A word-for-word copy of the entries is the only acceptable reply.

Data items:

◇ ◇ ◇ ◇ ◇

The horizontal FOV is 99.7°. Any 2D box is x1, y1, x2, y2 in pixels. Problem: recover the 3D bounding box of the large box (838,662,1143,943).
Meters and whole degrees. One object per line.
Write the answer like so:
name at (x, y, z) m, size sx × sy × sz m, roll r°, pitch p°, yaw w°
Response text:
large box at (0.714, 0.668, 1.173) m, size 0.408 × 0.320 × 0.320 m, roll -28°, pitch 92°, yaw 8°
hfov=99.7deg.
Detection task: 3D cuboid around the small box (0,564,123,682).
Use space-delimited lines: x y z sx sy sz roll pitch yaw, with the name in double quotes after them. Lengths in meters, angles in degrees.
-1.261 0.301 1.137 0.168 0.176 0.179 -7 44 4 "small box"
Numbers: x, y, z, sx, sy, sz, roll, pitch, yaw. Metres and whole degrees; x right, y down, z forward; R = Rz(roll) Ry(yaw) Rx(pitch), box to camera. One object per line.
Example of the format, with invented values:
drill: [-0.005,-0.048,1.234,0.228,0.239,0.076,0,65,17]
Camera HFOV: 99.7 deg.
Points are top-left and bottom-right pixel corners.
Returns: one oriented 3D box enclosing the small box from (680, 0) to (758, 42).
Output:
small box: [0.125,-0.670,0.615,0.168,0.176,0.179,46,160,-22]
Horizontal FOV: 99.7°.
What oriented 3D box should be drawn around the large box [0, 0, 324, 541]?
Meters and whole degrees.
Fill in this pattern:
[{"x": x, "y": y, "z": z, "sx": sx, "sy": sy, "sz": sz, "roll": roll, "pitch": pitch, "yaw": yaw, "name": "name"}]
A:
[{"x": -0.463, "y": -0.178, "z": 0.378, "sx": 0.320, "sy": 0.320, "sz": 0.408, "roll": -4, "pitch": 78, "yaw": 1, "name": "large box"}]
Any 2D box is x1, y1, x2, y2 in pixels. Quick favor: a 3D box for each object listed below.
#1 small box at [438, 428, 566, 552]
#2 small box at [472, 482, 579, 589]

◇ ◇ ◇ ◇ ◇

◆ RESULT ◆
The horizontal FOV is 99.7°. Any 2D box is x1, y1, x2, y2 in pixels. Problem: recover the 3D bounding box of the large box (838,662,1143,943).
Meters and whole degrees. One object per line.
Write the answer like so:
name at (x, y, z) m, size sx × sy × sz m, roll r°, pitch p°, yaw w°
Response text:
large box at (0.714, 0.668, 1.173) m, size 0.408 × 0.320 × 0.320 m, roll -28°, pitch 92°, yaw 8°
hfov=99.7deg.
Detection task: 3D cuboid around the small box (0,564,123,682).
Use space-delimited lines: x y z sx sy sz roll pitch yaw, with the name in double quotes after them. Lengths in meters, angles in degrees.
-1.261 0.301 1.137 0.168 0.176 0.179 -7 44 4 "small box"
Numbers: x, y, z, sx, sy, sz, roll, pitch, yaw. Metres and whole degrees; x right, y down, z forward; R = Rz(roll) Ry(yaw) Rx(pitch), box to camera. One object per line.
Example of the format, with invented values:
drill: [-0.005,-0.048,1.234,0.228,0.239,0.076,0,65,17]
Camera HFOV: 99.7 deg.
Points are top-left and bottom-right pixel corners.
Returns: one oriented 3D box enclosing the small box from (680, 0) to (758, 42).
Output:
small box: [0.125,-0.670,0.615,0.168,0.176,0.179,46,160,-22]
Horizontal FOV: 99.7°.
What oriented 3D box should be drawn around the large box [0, 0, 324, 541]?
Meters and whole degrees.
Fill in this pattern:
[{"x": x, "y": y, "z": z, "sx": sx, "sy": sy, "sz": sz, "roll": roll, "pitch": pitch, "yaw": yaw, "name": "name"}]
A:
[{"x": -0.463, "y": -0.178, "z": 0.378, "sx": 0.320, "sy": 0.320, "sz": 0.408, "roll": -4, "pitch": 78, "yaw": 1, "name": "large box"}]
Any 2D box is x1, y1, x2, y2 in pixels. Quick favor: a 3D box for each object listed below.
#1 small box at [438, 428, 566, 552]
#2 small box at [472, 482, 579, 589]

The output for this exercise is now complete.